» **Work task**
The required output is a copy of each line in the material below that includes "lines".

» **Material for this task**
______________________________
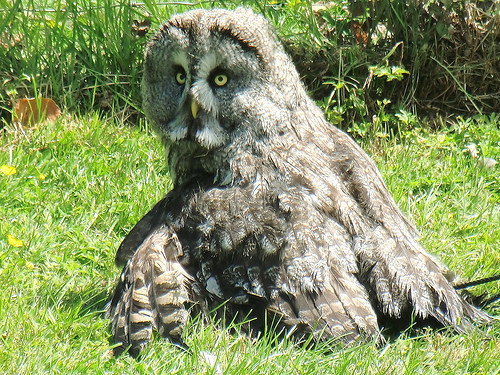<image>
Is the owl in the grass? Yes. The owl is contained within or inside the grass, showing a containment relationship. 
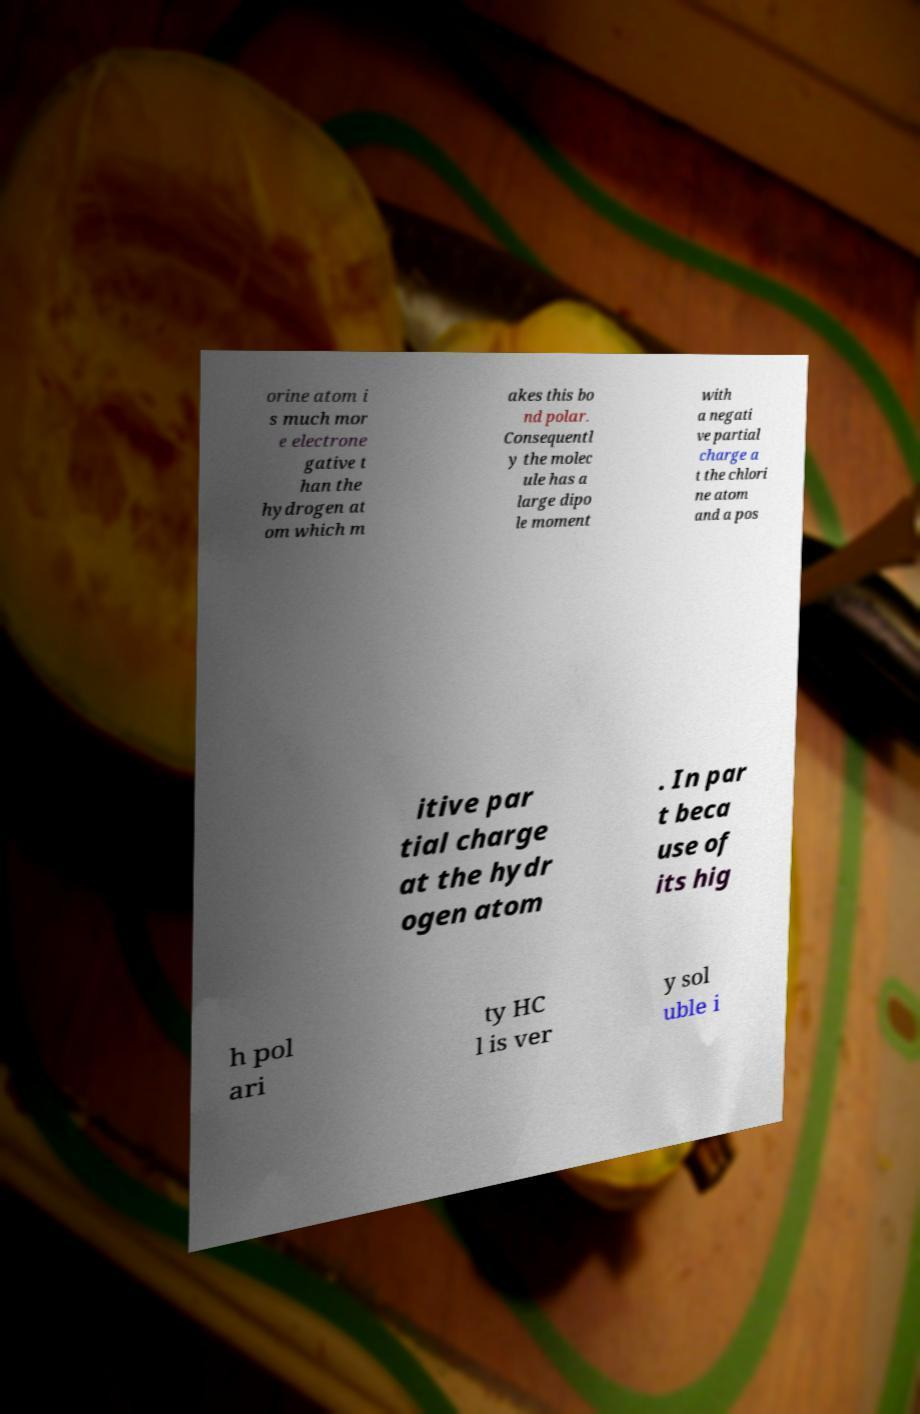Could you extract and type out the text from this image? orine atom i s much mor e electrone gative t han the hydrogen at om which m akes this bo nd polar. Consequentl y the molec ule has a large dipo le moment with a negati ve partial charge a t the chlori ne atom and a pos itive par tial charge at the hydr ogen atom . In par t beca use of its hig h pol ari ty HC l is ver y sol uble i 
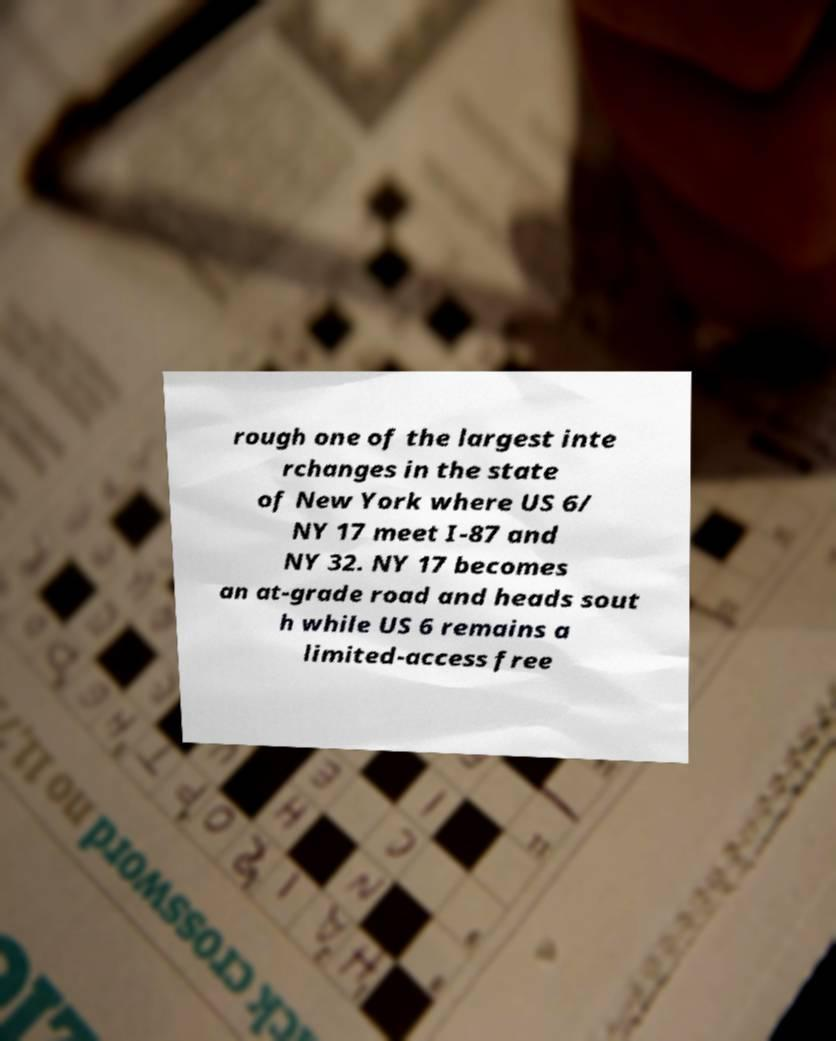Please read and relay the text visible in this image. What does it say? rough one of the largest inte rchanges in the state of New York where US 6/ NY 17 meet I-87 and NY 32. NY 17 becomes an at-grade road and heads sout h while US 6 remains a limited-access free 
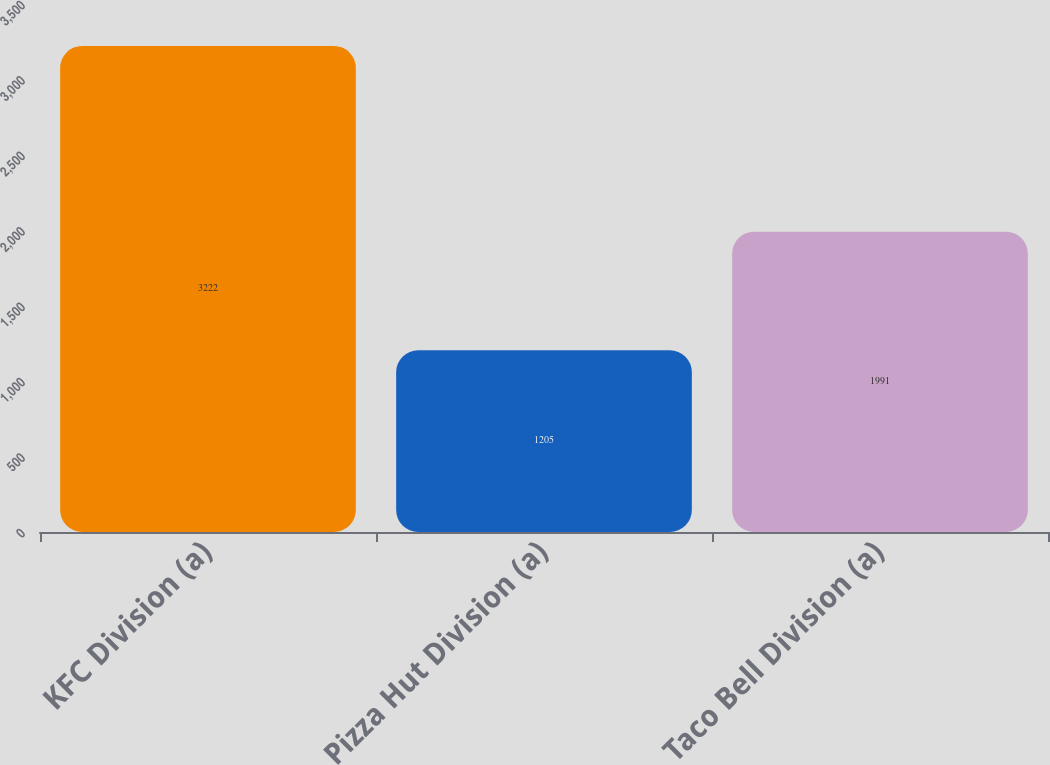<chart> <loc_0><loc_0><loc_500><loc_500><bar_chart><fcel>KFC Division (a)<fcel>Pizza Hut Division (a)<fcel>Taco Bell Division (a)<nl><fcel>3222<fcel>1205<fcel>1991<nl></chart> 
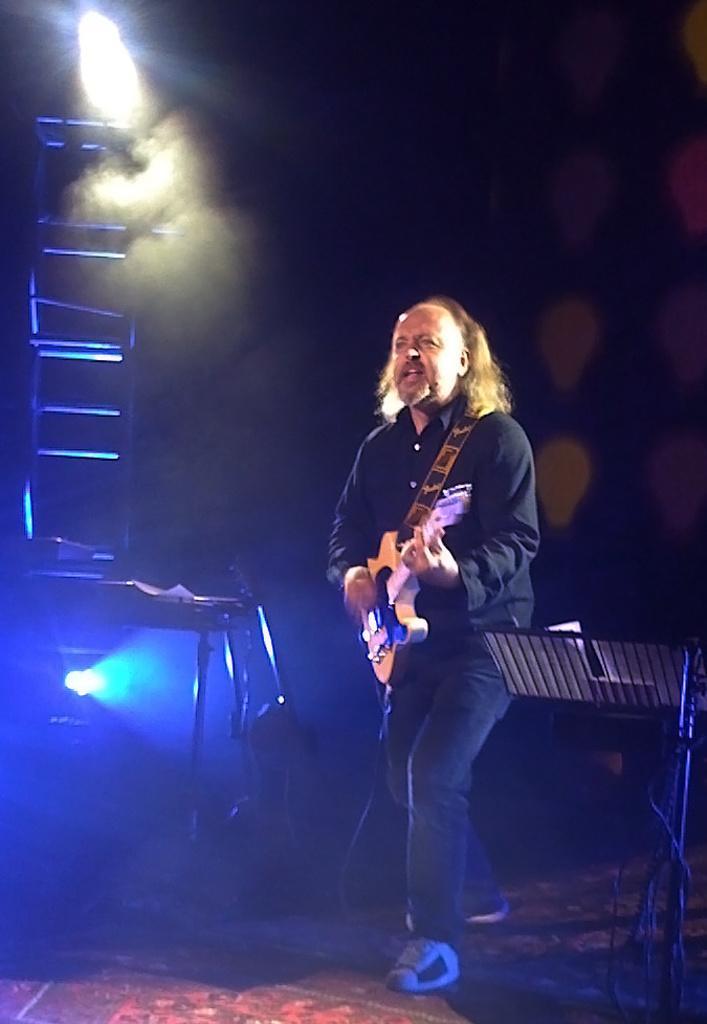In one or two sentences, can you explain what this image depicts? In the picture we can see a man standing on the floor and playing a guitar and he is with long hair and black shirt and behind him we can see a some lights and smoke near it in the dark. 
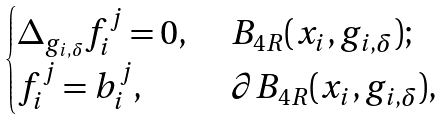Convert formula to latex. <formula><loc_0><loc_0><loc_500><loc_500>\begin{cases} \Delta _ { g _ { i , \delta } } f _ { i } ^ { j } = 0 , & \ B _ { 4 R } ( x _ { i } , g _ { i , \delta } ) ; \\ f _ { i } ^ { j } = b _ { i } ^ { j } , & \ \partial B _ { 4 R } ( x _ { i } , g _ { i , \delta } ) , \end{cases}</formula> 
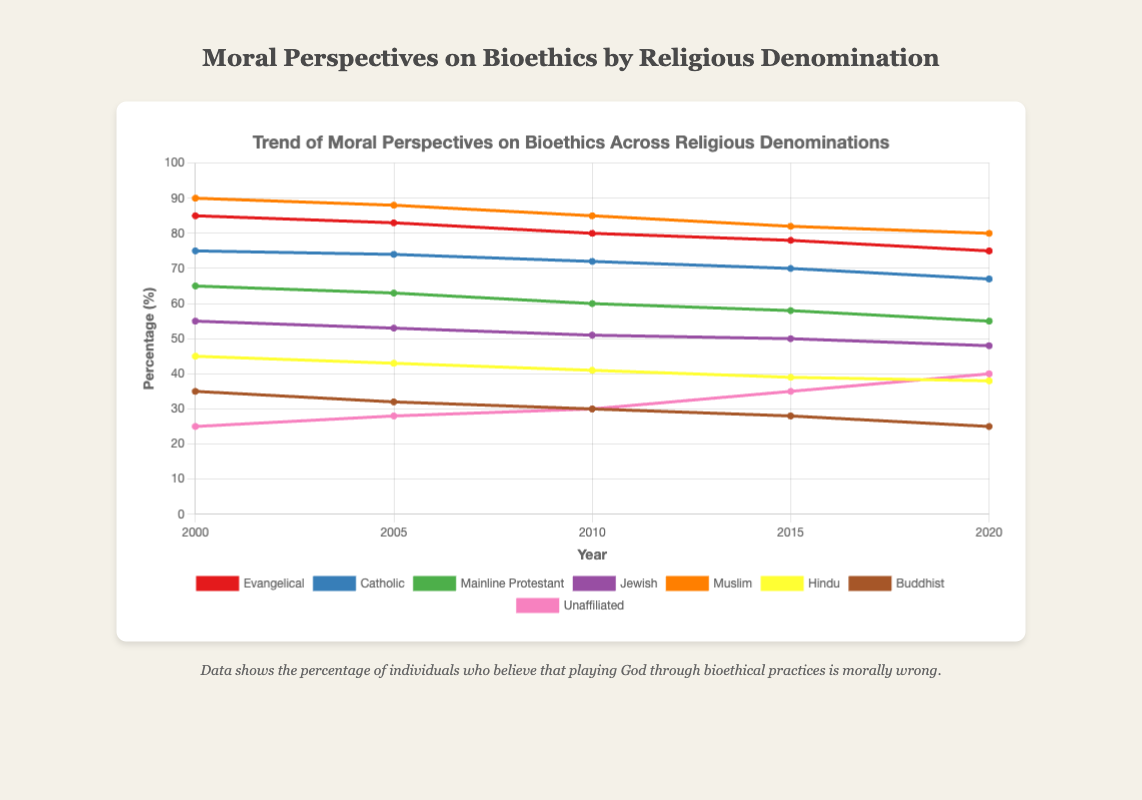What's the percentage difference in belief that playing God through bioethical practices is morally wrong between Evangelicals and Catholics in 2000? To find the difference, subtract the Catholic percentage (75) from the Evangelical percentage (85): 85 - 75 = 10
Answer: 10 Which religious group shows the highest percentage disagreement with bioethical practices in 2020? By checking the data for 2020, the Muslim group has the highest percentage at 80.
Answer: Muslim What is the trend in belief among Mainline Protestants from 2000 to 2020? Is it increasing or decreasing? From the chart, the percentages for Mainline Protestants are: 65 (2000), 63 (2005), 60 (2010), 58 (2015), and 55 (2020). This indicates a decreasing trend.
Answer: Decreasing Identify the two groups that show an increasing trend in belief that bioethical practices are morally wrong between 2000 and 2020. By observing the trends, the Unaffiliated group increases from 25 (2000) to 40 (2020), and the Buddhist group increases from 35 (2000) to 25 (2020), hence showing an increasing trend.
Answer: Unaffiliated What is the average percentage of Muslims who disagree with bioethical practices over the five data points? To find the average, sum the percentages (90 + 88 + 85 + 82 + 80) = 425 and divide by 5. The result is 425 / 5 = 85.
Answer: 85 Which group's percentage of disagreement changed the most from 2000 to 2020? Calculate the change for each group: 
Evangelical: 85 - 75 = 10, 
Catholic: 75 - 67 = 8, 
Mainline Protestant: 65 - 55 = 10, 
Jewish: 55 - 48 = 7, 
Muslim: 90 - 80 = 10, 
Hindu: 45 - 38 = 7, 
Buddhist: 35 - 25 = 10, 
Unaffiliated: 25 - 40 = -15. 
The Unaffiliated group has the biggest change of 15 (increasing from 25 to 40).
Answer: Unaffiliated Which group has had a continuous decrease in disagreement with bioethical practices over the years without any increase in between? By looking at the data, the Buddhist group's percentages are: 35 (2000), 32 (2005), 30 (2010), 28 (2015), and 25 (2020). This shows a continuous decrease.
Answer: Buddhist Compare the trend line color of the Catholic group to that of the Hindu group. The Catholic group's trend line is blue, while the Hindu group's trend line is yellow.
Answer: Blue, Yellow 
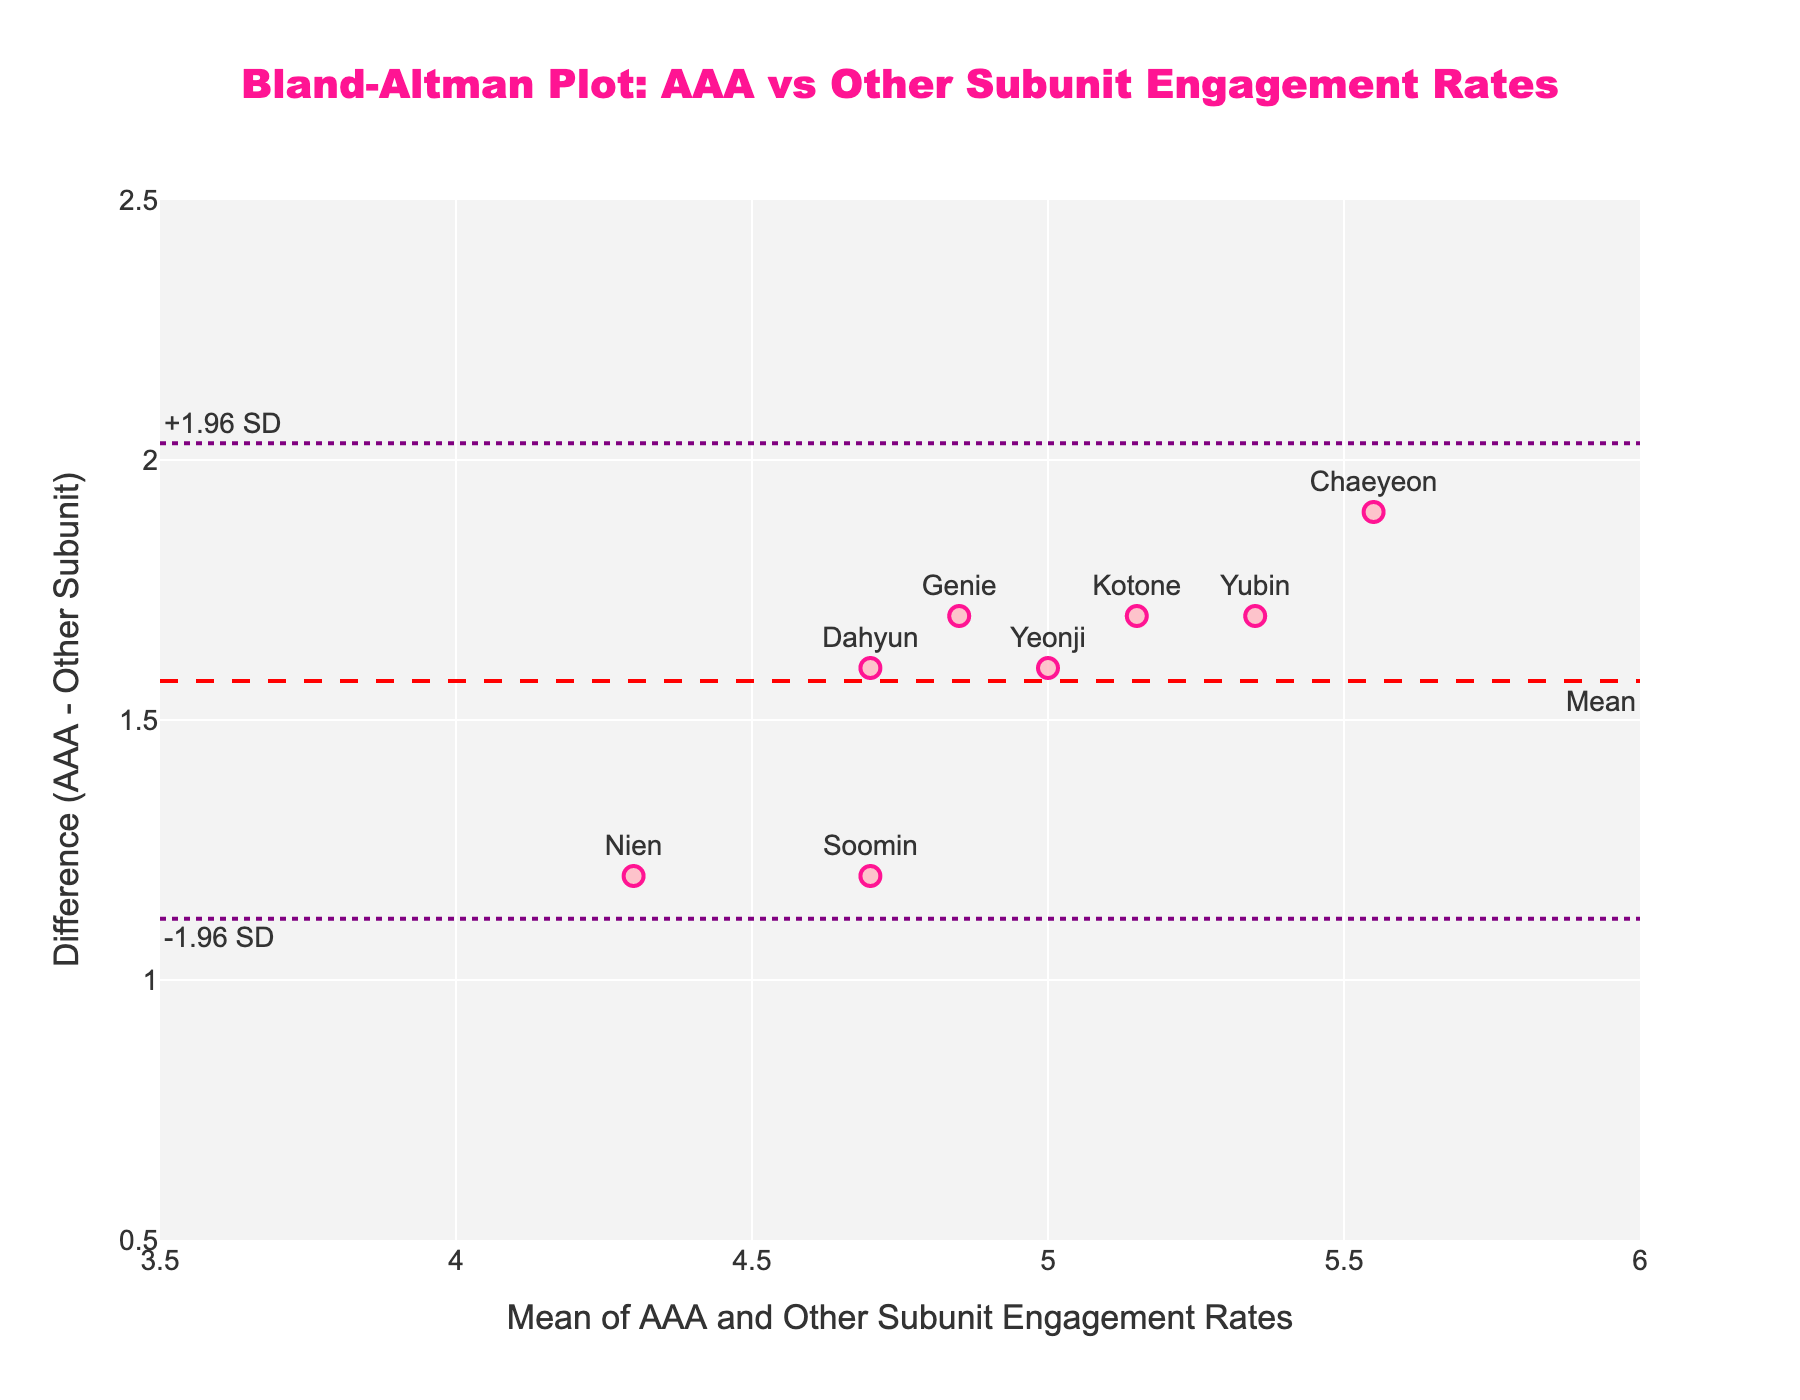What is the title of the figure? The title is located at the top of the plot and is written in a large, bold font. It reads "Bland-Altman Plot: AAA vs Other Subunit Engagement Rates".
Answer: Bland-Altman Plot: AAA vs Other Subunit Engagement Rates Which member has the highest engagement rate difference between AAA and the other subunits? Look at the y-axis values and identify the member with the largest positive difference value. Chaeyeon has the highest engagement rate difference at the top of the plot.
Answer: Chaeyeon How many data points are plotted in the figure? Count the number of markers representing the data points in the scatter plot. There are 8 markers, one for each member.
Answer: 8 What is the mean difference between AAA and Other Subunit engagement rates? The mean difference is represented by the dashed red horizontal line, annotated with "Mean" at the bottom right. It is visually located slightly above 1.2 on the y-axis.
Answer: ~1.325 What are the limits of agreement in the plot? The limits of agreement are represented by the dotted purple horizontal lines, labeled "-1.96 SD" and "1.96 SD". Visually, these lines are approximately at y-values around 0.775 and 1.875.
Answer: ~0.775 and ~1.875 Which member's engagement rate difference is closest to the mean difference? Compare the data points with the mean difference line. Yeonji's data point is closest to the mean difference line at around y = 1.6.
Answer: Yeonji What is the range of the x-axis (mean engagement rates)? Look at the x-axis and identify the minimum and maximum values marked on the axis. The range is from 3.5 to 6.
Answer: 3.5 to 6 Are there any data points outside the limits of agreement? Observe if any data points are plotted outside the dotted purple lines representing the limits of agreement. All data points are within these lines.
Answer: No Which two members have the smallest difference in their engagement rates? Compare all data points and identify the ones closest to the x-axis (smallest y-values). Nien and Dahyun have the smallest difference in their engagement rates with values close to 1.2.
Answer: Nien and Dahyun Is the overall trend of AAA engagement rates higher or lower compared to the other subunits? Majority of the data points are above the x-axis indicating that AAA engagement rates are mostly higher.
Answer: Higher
______________________________
» **Your solution**
Answer: ~1.325 What are the limits of agreement in the plot? The limits of agreement are represented by the dotted purple horizontal lines, labeled "-1.96 SD" and "1.96 SD". Visually, these lines are approximately at y-values around 0.775 and 1.875.
Answer: 3.5 to 6 Are there any data points outside the limits of agreement? Observe if any data points are plotted outside the dotted purple lines representing the limits of agreement. All data points are within these lines.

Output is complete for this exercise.